I don’t know about that. I’m in Colorado and I took my daughter to visit the CU campus in August. The ski team was running on the hills one week before classes even started.

Ivy League schools don’t have athletic scholarships. It’s possible to get a full ride, but not based on the ability to play a sport, especially not football.

Most of those folks run 4-5 times a week regardless of whether they’re training for anything specific. That’s just not the same time sink as a 4 hour practice or being away every weekend. There’s pre-season conditioning in every sport, but it’s all a matter of degrees.

Yes I know, he got an academic scholarship. I mentioned him in this thread as a counter-example of the “dumb jock” stereotype.

I teach at a high school with a football team that perennially competes for state championships. In fact, the current Heisman Trophy winner went to my school.

Are the players dumb? No- most are average students, some a little above average.

The school and community are football crazy, but if I give a player a failing grade, the coaches will support me. In fact, if a player doesn’t submit work, I can tell his position coach and that coach will get on the player’s case to get the work done.

And in SOME sports, the players tend to be superb students. Our tennis players all take AP classes and do well in them.

One of my neighbors, a few doors down, is a College Football Hall of Famer and a Rhodes Scholar. He’s a physicist and worked for NASA during the space age. He might be the smartist person I know. And he’ll drink a couple of beers with you during a football game.

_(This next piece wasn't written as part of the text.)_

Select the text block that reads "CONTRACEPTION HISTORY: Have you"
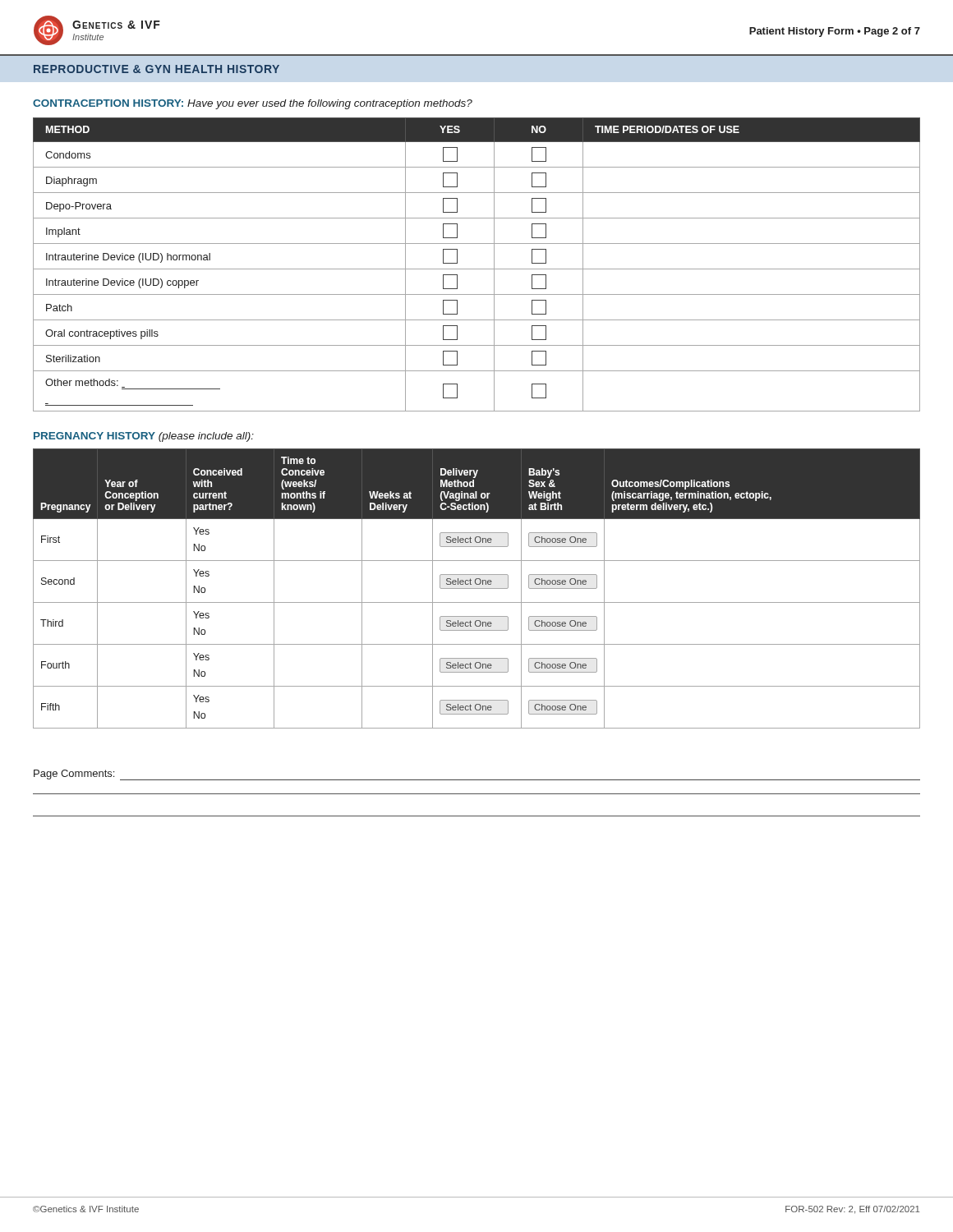 (253, 103)

A bit of googling pointed me at who I suspect to be your neighbor – that’s very cool! (I won’t post the links I found, out of respect for privacy.)

And, no doubt, there have been some brilliant minds who’ve also been great athletes. A couple others who come to mind:

  • Alan Page (Notre Dame / Vikings defensive lineman) became a lawyer, and was a long-serving member of the Minnesota Supreme Court.
  • Bob Thomas (Notre Dame / Bears kicker) is on the Illinois Supreme Court (and served as Chief Justice for a time).
  • Pat Haden (USC / Rams QB) was also a Rhodes Scholar, and lawyer.
  • John Urschel (Penn State / Ravens offensive linemen) retired from the NFL at age 26 to pursue his PhD in mathematics.
  • Pat McInally (Harvard / Bengals punter / WR) graduated cum laude, aced the Wonderlic test, and went on to become a successful businessman (including creating the Starting Lineup brand of sports action figures).

I knew a bunch of the football players in college. Some fit the stereotype exactly, but most of them were just regular dudes, and a few of them were quite sharp and became good friends of mine.

I can also tell you the cliché about jocks beating up on the nerdy kids is, IME, total Hollywood bullshit. While I’m sure it has happened somewhere at some time, for the most part the jocks fuck with each other and basically ignore everyone else. It’s easier and more fun to mess with people you know (and you can anticipate their reaction) rather than some random kid you’ve never seen before, no matter how geeky he may be, who you have no idea what they’re going to do in response.

13-year-old nerdy me, who was terrorized by the jocks, would like to talk with you about this belief of yours.